There is a particular kind of silence that only exists in a room where someone has just stopped breathing.

It is not the silence of night, nor the silence of an empty house. It is the silence of a story that has ended mid-sentence. A silence with edges.

Xuan Ye was ten years old the first time he heard it.

His mother's name was Shen Yue.

She had not been born into the Xuan Clan. She had been born into the Shen family one of the older high-tier clan in the Northern Empire a family that had produced Foundation Establishment masters in every generation for six hundred years She was their most talented daughter clear-eyed quick-witted with a spiritual root that her family Elders had called a once-in-a-century gift.

She had thrown all of it away for a man named Xuan Dao.

Xuan Ye's father was by every measurable standard a cultivator of genuine promise He had reached the Golden Core at thirty-two an achievement that the Xuan Clan had celebrated for three years

He was ambitious in the quiet methodical way of men who understand that the cultivation world rewards patience over passion

He was not unkind

exactly

He was simply a man for whom the path always came first and everything else family, warmth, the small daily textures of an ordinary life existed in the peripheral spaces between sessions of meditation.

Shen Yue had understood this about him before she married him.

She had believed that love was a thing that grew in the spaces patience left open.

She had believed with the full conviction of a young woman who had just sacrificed her family name,her inheritance, and her sect's backing for a single choice

that the space would come.

It never did.

Xuan Ye earliest memory of his father was a closed door.

Not a locked door.

A closed one.

A locked door says:you are not permitted.

A closed door says:I did not think of you at all.

His father cultivation chamber occupied the eastern wing of the Xuan Manor.

It was the largest room in the estate built with sound-dampening arrays and

Qi-enhancing formations that had cost the clan three years of resource income to install.

Xuan Dao spent by conservative estimate, twenty hours of every day inside it.

His mother spent her days in the western garden which received less sunlight.

She never complained about this.

Not once in all the years Xuan Ye watched her.

She would sit in the garden with her embroidery and her fading spiritual practice and she would smile when Xuan Ye brought her the small things he found a stone with an interesting shape

a flower that had grown through a crack in the courtyard wall

a bird feather he had found near the outer gate.

"Look at this one" she would say, holding the feather to the light. "Do you see how the color changes?

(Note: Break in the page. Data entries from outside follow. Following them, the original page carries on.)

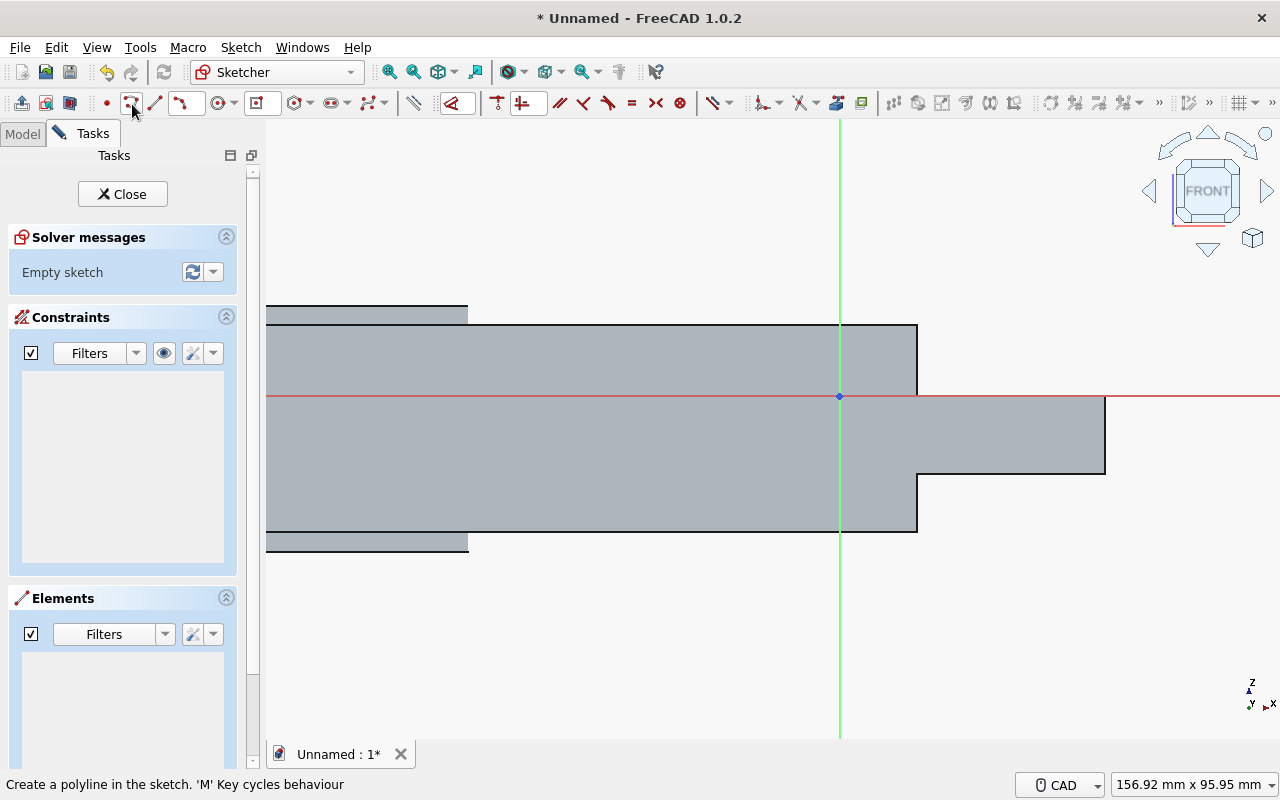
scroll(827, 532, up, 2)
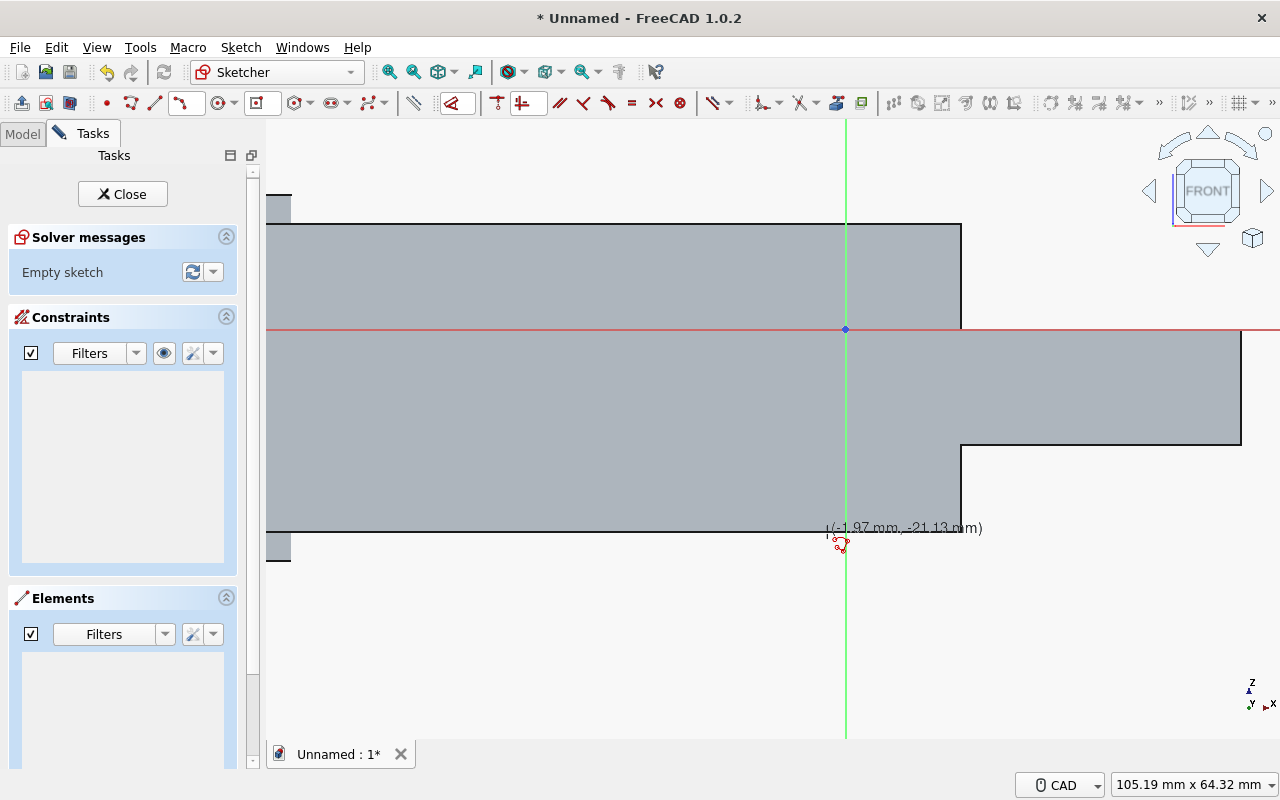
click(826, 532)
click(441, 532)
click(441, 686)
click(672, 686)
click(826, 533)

It looks brown from here, but from the side it is almost green. Things are like that Ye'er. You have to change where you are standing to see what is really there."

He had been a happy child. That was the truth that he had spent three years in the Royal Library trying not to remember, because happiness was the most dangerous thing in the world to have lost. Power could be rebuilt.

Technique could be relearned But the memory of a specific kind of warmth a mother hand on the back of your head

the sound of her humming while she worked that was a resource that could not be absorbed or synthesized.

It could only be taken away.

The day of the spiritual root measurement was a festival in all but name.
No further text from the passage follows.